Lecturer: Dr Michalis Michael
Entry: Free
A lecture marking the effects of modernity on Cyprus's political culture invariably requires a postcolonial framework capable of explaining - or at least illuminating - structural processes and dynamics that underline Cyprus's colonial discourse.
Such debate involves an attempt to identify and reconcile those connections that, at first sight, are hidden from normative historiography and are often imbued by the orthodoxy of colonial presumptions. In this respect the lecture sets out to explore how an orientalist dictum permeated British political discourse and its command over a series of seminal historical junctures during its colonial rule in Cyprus.

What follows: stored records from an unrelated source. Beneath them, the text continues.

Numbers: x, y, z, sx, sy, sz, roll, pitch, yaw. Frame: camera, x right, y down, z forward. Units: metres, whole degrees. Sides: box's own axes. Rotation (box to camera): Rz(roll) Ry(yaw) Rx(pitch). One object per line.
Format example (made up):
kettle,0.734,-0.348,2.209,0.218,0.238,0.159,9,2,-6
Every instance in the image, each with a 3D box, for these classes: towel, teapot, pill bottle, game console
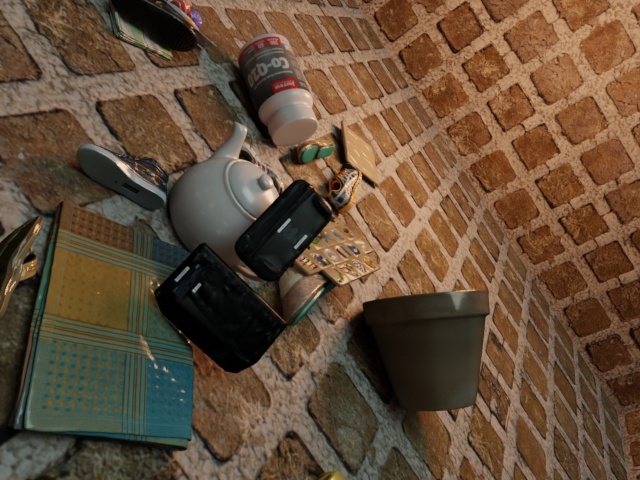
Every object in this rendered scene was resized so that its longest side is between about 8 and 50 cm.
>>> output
towel,-0.315,0.133,0.840,0.272,0.040,0.369,29,39,-42
teapot,-0.167,-0.070,1.088,0.256,0.187,0.252,48,32,-19
pill bottle,-0.117,-0.422,1.498,0.161,0.161,0.283,3,60,-55
game console,-0.104,0.046,0.959,0.213,0.044,0.361,48,68,-17
towel,-0.423,-0.499,1.255,0.152,0.023,0.113,10,56,-53

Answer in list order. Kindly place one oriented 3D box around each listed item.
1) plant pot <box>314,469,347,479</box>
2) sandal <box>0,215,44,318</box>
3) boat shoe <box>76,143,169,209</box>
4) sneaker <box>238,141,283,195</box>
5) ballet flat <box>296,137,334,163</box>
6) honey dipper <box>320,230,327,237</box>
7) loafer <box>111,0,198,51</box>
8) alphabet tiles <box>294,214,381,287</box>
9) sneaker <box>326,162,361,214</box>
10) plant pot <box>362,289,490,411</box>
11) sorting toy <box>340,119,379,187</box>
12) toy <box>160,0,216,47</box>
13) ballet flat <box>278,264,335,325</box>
plant pot,0.024,0.513,0.812,0.253,0.276,0.276,54,28,15
sandal,-0.423,0.044,0.733,0.049,0.072,0.180,50,29,-45
boat shoe,-0.363,-0.134,0.986,0.183,0.065,0.083,40,33,-41
sneaker,-0.163,-0.166,1.303,0.170,0.063,0.074,48,31,-8
ballet flat,-0.032,-0.277,1.608,0.067,0.073,0.206,36,24,15
honey dipper,-0.043,-0.062,1.354,0.160,0.030,0.030,45,26,18
loafer,-0.382,-0.535,1.253,0.220,0.080,0.078,30,39,-42
alphabet tiles,0.000,0.000,1.334,0.285,0.011,0.343,41,26,19
sneaker,0.069,-0.177,1.635,0.083,0.084,0.214,37,37,-24
plant pot,0.281,0.281,1.361,0.323,0.323,0.280,10,72,-52
sorting toy,0.135,-0.305,1.896,0.208,0.038,0.192,36,37,-41
toy,-0.360,-0.582,1.326,0.237,0.056,0.137,33,1,-31
ballet flat,-0.035,0.102,1.237,0.106,0.107,0.316,40,24,8

Buttressed by structural changes and restrained by strategic considerations, the conduits of modernity and traditionalism lend residual expression to the contradictory interplay between colonialism and the assertiveness of group identity formation.
With the radicalization of Greek Cypriot nationalism, their demand for énosis morphed into an existentialist metaphor for the "Hellenic/Greekness" of Cyprus that ran contrary to the prevailing British orientalist framework.
Biography
Michális S. Michael is Senior Research Fellow and Deputy Director of the Centre for Dialogue at La Trobe University.
He has taught and published on international relations, conflict resolution, Australian foreign policy, interfaith/intercultural dialogue and the Cyprus conflict. He has been involved in various projects including 'Europe and Asia: Between Islam and the United States'; 'Australia's handling of tensions between Islam and the West since September 11' and 'International Conflict, Religion and Culture: Implications for Southeast Asia and Australia'.
He coordinates the 'Diaspora Dialogue Programme'; facilitated the 'Cypriot Academic Dialogue'; and currently heads the 'Capacity Building for Reconciling Divided Communities in Australia' project. Dr Michael's publications include: Cyprus in the Modern World (2005); Asia-Pacific Geopolitics: Hegemony versus Human Security, (co-editor, 2007); Europe between Islam and the United States (co-editor, 2008); Civilizational Dialogue and World Order: The Other Politics of Cultures, Religions and Civilizations in International Relations (2009); Negotiating History: Resolving the Cyprus Conflict (2009, revised 2011), Greek translation (Papazissis Press, 2011) and Turkish translation (Bilgi University Press, 2013).